GB: Recording that album was super fun! It was recorded in various rooms in our flat - nothing was standardised at all - one day it’d be the whole band in CP’s bedroom, the next it'd be vocals in someone else's bedroom, then all of us doing gang vox in the kitchen. And it was ridiculously random, ad hoc and experimental. CP and Brian are great at coming up with crazy ideas to get interesting sounds so there was always a new recording idea for each song - all with gear that was begged, borrowed, broken or stolen. Always bass and drums together at the least, to get the foundation of the rhythm down and sometimes the whole band live. I didn’t even own any bass equipment and had no money (we were all unemployed), so I used CP’s fretless bass guitar (using fretless was not an artistic or sonic choice - that was just the only bass on hand so I had to figure it out) and I think CP had a bass amp that I borrowed… The only bit of gear I owned myself was a Rat pedal which I still use to this day - it’s on the End Boss pedal board actually.

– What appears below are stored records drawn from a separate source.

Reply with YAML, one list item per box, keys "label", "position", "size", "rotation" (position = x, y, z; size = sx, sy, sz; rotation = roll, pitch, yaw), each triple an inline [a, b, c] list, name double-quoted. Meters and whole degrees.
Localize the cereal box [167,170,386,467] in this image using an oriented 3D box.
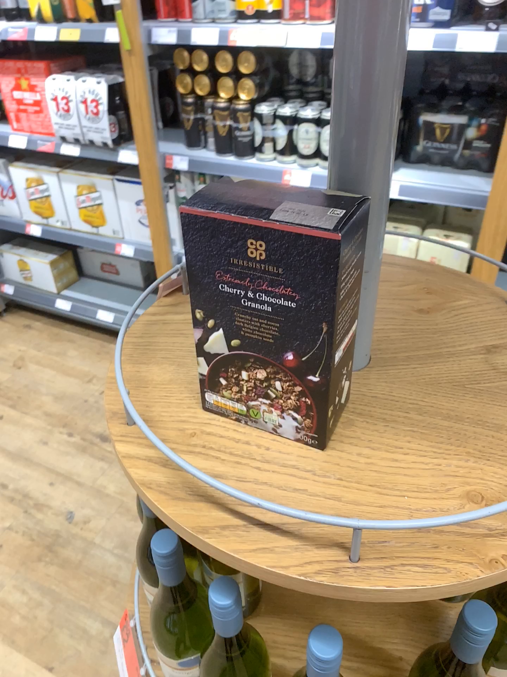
- label: "cereal box"
  position: [0.022, -0.016, 0.456]
  size: [0.140, 0.218, 0.091]
  rotation: [15, 39, 22]
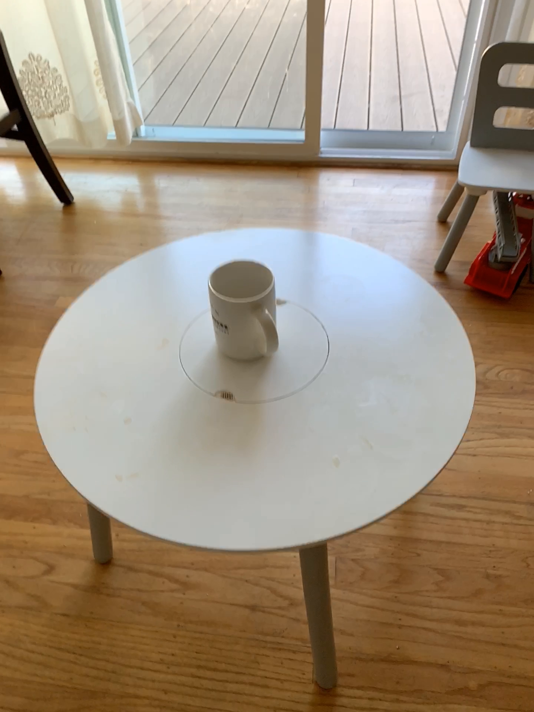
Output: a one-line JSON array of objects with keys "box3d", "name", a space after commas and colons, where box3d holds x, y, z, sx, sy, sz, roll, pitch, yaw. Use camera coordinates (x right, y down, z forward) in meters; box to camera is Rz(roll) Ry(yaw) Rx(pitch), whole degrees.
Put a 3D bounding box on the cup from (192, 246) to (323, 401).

Recording that album was the most fun - pure chaos. 3 drunk dummies having a great old time.
BH: The other secret to the sound on that album was a crazy looking stereo mic called a SASS-P that we managed to borrow from Shearers Musics store for weeks at a time. It was awesome of them to lend a $1500 mic to a bunch of punkers. As far as guitar stuff, I was playing an Epiphone Les Paul that I bought from a second-hand store we knew as “the shop where everything is stolen” that used to be under the old Wimpy Bar on Victoria St. Ampwise I was using a Mesa Boogie DC5 that I’d imported from the US. That Mesa probably ended up back in the shop where everything is stolen after it was nicked from a friend’s car a few years later.
AE: I think I heard that early demo and that was about it. I’m not even sure I heard the full album until we were about to master. We all lived a couple hours away from each other. It was pre-internet. We didn’t have cell phones.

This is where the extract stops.